Behold my suddenly fabulous knockers

knockers No pics. Sorry, guys. Like I don't get enough porn spam.

I'm only 20 weeks in and I'll regret saying this eventually, but I can't bitch too much about pregnancy. The morning sickness was mild while it lasted and is gone now. I've gained 8 pounds, all in my gut, but, with the days I've spent with a fork surgically implanted in my mouth, I'm suprised it's not more. The worst I can say is that I'm challenging the structural integrity of my lingerie, which doesn't seem to bother any of the members of my household named Devon.

Summary of my first two weeks in Colorado:

The cats are alive. The jury is still out on the plants, which didn't handle the trip well. I rammed into one pole, with minor vehicular damage, but that pole was an asshole, and I'll do it again if it doesn't shut its stupid whore mouth. I'd feel worse if Devon hadn't backed into the pole directly behind it a few days before. Some sadist thought it was a good idea to fill our parking garage with poles and bike racks. It's like slalom skiing, but with hybrids and Subarus.

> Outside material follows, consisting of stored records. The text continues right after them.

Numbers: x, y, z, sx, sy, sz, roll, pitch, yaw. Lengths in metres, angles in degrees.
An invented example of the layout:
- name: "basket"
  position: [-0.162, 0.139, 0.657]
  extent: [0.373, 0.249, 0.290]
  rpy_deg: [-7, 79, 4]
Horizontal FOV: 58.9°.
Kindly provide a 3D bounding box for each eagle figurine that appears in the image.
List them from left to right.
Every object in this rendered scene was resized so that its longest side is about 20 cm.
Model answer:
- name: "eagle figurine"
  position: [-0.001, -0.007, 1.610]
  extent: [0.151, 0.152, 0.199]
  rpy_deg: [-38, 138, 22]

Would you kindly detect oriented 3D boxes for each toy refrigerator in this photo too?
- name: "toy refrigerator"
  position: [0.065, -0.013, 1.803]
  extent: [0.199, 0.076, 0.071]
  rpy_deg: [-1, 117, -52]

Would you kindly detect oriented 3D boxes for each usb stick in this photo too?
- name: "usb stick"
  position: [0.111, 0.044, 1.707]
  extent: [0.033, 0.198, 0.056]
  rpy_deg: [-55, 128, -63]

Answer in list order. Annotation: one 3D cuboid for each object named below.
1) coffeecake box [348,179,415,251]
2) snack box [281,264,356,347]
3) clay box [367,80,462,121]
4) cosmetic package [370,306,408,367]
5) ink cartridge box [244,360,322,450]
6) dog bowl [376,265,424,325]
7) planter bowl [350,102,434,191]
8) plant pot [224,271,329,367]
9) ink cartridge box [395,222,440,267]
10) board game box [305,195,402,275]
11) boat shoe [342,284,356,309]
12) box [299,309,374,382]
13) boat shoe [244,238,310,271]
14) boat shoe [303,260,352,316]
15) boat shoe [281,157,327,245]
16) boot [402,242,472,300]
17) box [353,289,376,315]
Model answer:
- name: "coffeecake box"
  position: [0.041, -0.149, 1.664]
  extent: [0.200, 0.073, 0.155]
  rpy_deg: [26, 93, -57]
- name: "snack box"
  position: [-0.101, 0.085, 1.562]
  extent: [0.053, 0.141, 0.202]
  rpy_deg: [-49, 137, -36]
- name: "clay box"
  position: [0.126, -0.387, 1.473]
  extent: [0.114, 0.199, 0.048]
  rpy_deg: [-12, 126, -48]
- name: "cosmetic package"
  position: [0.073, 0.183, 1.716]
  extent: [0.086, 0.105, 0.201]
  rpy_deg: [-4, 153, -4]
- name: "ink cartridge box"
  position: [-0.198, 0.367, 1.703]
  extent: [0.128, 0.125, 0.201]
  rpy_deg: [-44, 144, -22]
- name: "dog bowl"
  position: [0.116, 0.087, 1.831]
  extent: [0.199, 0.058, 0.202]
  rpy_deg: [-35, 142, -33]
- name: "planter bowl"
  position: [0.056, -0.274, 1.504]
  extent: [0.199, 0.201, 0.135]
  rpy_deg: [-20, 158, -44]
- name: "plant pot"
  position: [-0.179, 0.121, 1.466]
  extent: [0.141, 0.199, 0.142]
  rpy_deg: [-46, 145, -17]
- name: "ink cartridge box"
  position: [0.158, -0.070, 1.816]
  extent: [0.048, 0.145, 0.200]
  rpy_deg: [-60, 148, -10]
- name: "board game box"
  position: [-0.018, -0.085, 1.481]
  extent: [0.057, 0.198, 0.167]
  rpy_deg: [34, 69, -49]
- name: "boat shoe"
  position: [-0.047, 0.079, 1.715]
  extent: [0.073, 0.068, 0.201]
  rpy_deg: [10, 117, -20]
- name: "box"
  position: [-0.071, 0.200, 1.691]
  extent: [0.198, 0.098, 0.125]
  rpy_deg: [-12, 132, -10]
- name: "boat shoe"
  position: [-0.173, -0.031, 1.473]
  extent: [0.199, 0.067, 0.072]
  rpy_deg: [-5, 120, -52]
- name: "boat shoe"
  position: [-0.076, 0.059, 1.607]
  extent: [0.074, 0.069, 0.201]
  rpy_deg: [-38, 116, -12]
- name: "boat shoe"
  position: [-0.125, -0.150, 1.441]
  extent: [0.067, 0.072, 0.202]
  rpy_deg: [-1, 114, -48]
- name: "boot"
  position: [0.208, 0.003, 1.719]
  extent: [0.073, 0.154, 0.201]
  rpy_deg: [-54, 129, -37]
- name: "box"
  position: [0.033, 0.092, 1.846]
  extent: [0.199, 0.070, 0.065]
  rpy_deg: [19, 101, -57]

The homeless in New York trap you on the train and try to convince you that Jesus would want you to give them a dollar. The homeless here flash artsy signs at intersections and get all up in your grill when you're walking. There are about two blocks of Colfax that are really sketchy. Like, I'm all, "Fine, fine, fine, this is fine, WHERE'S MY FUCKING PEPPER SPRAY, fine, fine, this is fine."

Being here doesn't feel entirely real. I don't quite have a life here yet. I have a facsimilie of a life. And that's OK. It'll take months, maybe years, to feel like I'm home. But in the meantime, it's kind of like watching a TV show about this pregnant chick who moves from New York to Colorado with her husband and two cats. I need a soundtrack. Something by John Williams.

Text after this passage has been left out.